I posted in upland bird hunting dog forum, but will try it here too.

I'm looking for a lab puppy for the geauga county ducks unlimited banquet October 1st. If anyone knows of anything available around this time let me know please




Sent from my iPhone using Ohub Campfire


----------



## WeekendWarrior (Jan 20, 2008)

Well, this will probably cause a stir. But IMO auctioning off a puppy in a room full of people drinking heavily isn't what I would call a good idea for the dog. Most reputable breeders that I know would never think to donate a puppy for auction. POTENTIAL buyers remorse after the (hangover settles) could result in a puppy being shuffled, neglected etc.

I suggest perhaps looking for a trainer to donate "Basic Field Training Certificate". Typically the price range from this is $500-$1000. Check with your HRC, I am sure some trainers would be very interested in this!


----------



## MuskieDan (Nov 8, 2012)

WeekendWarrior said:


> Well, this will probably cause a stir. But IMO auctioning off a puppy in a room full of people drinking heavily isn't what I would call a good idea for the dog. Most reputable breeders that I know would never think to donate a puppy for auction. POTENTIAL buyers remorse after the (hangover settles) could result in a puppy being shuffled, neglected etc.
> 
> I suggest perhaps looking for a trainer to donate "Basic Field Training Certificate". Typically the price range from this is $500-$1000. Check with your HRC, I am sure some trainers would be very interested in this!
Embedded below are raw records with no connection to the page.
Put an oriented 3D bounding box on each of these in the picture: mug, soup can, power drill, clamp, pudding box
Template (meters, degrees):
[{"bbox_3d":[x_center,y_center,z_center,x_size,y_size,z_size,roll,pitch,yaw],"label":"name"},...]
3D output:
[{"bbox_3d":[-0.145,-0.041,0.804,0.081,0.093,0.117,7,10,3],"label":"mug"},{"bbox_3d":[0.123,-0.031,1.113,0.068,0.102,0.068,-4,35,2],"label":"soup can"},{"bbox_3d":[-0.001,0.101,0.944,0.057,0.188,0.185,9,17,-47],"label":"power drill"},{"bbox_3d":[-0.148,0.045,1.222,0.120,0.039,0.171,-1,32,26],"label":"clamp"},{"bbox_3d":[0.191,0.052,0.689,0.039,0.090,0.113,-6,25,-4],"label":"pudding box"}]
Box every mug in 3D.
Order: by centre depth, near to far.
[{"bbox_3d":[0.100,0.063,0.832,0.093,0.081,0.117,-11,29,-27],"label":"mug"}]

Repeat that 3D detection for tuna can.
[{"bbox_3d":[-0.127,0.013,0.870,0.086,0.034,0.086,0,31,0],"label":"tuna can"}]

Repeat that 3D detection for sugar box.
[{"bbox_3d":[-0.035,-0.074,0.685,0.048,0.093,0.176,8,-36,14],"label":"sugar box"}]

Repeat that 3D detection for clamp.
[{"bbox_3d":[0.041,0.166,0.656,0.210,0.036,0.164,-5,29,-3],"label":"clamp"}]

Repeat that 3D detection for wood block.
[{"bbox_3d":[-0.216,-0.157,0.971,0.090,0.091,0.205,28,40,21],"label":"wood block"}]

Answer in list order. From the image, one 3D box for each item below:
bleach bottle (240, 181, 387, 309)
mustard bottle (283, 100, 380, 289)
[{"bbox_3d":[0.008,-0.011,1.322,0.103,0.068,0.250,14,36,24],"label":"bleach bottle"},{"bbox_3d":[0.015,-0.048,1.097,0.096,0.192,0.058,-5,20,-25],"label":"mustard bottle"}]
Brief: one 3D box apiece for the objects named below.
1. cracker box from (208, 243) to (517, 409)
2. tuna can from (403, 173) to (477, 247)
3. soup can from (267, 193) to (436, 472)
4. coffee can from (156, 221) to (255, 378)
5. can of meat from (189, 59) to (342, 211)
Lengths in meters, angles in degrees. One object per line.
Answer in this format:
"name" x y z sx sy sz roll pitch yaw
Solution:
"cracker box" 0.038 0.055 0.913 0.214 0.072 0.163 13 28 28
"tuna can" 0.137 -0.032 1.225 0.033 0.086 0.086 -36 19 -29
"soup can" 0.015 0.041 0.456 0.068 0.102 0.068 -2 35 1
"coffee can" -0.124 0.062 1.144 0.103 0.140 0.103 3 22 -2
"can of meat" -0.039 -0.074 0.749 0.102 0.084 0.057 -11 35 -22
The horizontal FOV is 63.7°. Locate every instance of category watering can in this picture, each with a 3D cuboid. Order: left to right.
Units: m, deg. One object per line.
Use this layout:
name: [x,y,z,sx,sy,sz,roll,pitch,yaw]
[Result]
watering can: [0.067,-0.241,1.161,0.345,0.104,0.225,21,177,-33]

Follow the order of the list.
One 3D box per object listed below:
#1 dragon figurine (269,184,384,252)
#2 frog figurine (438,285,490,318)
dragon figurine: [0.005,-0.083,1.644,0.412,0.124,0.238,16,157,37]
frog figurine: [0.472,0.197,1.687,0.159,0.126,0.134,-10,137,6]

Right on. Best to do a certificate of some kind. That has the potential to turn out very badly for the dog. It's not a goldfish at a carnival, that's a huge responsibility to take on an impulse.


----------



## silverbullets (May 18, 2009)

We ended up getting a puppy from a local breeder last minute. A lady was supposed to buy the puppy from the breeder but could not commit due to work travel. The puppy was bought from a hunter who was looking for a dog to train for waterfowl hunting. I happen to know the guy and the dog will be going to a very good home


Sent from my iPhone using Ohub Campfire


----------